Systems ProgrammingStrong command of lower-level system concepts including memory management, concurrency, threading models, and performance profiling in languages like Java, C++, or Scala.

Software Engineering FundamentalsMastery of software design patterns, SOLID principles, testing methodologies (unit, integration, performance testing), version control, and code review processes.

Cloud InfrastructureUnderstanding of cloud-native architecture, containerization, orchestration platforms like Kubernetes, and deployment strategies for distributed systems.

Nice to have

Machine Learning InfrastructureExperience building systems that support ML workflows including feature engineering pipelines, model serving infrastructure, and integration with ML frameworks.

Database InternalsKnowledge of database design, query planning and optimization, indexing strategies, transaction processing, and understanding of modern cloud data warehouses.

DevOps and ObservabilityFamiliarity with CI/CD pipelines, infrastructure-as-code, monitoring systems, distributed tracing, and logging platforms for maintaining operational excellence.

Performance OptimizationDemonstrated expertise in profiling distributed systems, identifying bottlenecks, optimizing network I/O, memory usage, and CPU utilization for large-scale workloads.

Open Source ContributionsActive involvement in open source projects, particularly in data infrastructure, distributed systems, or cloud-native technologies, demonstrating community engagement and technical leadership.

Compensation & benefits

Salary

USD 120,000 – 180,000 (annual)

Stock options

Available

Benefits

Health and Wellness Coverage

Comprehensive medical, dental, and vision insurance plans providing access to preventative care, specialist services, and prescription medications with employer contributions.

Equity and Stock Options

Stock options and equity grants aligned with company performance, providing long-term wealth creation opportunities and direct stake in Snowflake's success.

Retirement Planning

401(k) savings plan with company matching contributions, enabling long-term retirement security and financial planning for eligible employees.

Professional Development

Budget for conferences, online courses, certifications, and training programs supporting continuous learning and career advancement in software engineering.

Flexible Work Arrangements

Flexible work hours and remote work options enabling work-life balance and allowing engineers to optimize their productivity and personal circumstances.

Paid Time Off

Generous paid vacation, sick leave, and personal days supporting employee wellbeing and time for rest, recovery, and personal pursuits.

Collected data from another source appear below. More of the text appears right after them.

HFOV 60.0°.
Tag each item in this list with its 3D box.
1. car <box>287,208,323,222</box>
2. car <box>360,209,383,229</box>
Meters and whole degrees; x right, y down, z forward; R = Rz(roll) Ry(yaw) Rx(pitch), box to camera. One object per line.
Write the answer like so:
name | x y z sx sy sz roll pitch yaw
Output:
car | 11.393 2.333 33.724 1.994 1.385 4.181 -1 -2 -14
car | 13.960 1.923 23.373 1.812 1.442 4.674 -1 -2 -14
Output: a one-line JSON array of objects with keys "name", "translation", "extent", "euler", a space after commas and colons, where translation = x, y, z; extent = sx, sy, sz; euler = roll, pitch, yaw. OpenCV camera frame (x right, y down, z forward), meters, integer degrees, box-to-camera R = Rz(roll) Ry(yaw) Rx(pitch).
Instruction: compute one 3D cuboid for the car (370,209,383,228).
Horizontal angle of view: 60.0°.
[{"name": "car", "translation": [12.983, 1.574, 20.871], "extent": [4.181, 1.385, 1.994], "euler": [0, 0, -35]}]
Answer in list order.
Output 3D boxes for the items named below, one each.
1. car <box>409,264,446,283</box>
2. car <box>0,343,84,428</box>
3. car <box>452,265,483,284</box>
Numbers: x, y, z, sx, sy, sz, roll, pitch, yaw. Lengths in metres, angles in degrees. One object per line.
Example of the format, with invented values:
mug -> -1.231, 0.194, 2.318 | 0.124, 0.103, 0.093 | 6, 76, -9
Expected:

Competitive Parental Leave

Comprehensive parental leave policies supporting employees during family planning, adoption, and early childcare needs.

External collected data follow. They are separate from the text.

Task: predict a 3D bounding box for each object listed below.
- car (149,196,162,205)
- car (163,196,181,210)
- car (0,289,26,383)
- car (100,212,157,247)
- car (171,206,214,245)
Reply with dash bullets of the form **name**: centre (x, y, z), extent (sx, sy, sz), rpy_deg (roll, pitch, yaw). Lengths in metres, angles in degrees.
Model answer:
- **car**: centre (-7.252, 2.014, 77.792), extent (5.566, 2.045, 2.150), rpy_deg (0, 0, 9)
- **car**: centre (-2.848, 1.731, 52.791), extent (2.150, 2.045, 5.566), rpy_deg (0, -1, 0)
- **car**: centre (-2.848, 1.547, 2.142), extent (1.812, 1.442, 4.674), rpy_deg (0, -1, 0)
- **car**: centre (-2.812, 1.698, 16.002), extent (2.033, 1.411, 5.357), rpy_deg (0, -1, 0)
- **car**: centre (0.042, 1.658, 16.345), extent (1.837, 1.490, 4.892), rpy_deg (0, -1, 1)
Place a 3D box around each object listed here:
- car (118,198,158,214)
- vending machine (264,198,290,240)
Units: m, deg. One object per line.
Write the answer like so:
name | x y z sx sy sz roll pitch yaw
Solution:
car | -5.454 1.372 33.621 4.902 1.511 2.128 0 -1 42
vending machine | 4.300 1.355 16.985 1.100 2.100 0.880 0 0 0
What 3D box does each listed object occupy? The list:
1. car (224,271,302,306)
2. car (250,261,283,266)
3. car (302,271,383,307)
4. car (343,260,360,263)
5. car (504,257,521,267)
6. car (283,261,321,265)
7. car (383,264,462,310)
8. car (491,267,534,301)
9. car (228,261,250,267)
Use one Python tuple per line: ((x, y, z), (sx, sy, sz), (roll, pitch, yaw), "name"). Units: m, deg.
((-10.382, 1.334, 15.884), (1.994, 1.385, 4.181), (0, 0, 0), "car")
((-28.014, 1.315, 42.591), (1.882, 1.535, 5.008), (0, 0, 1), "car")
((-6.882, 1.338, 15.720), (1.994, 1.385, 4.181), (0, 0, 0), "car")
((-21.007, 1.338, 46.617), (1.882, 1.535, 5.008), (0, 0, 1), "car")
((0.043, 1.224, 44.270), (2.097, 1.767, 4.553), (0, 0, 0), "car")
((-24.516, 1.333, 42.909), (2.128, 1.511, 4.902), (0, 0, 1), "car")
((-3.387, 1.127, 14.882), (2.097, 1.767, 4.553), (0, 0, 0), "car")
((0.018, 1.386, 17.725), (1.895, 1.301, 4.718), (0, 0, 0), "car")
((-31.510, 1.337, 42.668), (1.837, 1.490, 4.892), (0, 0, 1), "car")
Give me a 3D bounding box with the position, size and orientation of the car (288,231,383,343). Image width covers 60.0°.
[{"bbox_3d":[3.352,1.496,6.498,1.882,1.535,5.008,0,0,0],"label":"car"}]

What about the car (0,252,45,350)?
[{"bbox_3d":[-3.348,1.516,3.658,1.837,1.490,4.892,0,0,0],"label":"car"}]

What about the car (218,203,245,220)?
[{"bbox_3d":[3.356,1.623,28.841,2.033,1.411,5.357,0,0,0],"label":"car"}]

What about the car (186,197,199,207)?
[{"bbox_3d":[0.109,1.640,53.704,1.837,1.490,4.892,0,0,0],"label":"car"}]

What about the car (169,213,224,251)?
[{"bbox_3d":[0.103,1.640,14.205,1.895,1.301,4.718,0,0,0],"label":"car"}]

Mental Health and Wellness Programs

Access to mental health services, counseling, fitness benefits, wellness programs, and employee assistance programs supporting holistic wellbeing.

Interview process

1
Initial Phone Screen — Conversation with recruiter to discuss your background, experience with distributed systems and data platforms, career goals, and high-level fit for the Data Transformation Engineering role.
2
Technical Phone Interview — Technical discussion with a data platform engineer focusing on distributed systems concepts, algorithms, data structure optimization, and problem-solving approach for scalable data processing challenges.
3
System Design Interview — Collaborative session where you design a large-scale data processing system, discussing architectural trade-offs, scalability considerations, fault tolerance mechanisms, and integration with existing infrastructure.
4
Coding Assessment — Live coding interview evaluating your proficiency in Java, Scala, Python, or C++, focusing on writing clean, efficient code for data processing problems with emphasis on performance and maintainability.
5
Cross-Functional Collaboration Discussion — Interview with engineers from infrastructure, product, or data science teams assessing your ability to collaborate effectively, communicate complex technical concepts, and navigate diverse stakeholder needs.
6
Hiring Manager Interview — Final conversation with the Data Platform team's hiring manager covering career expectations, motivation for data systems, alignment with Snowflake's culture, and discussion of team dynamics and growth opportunities.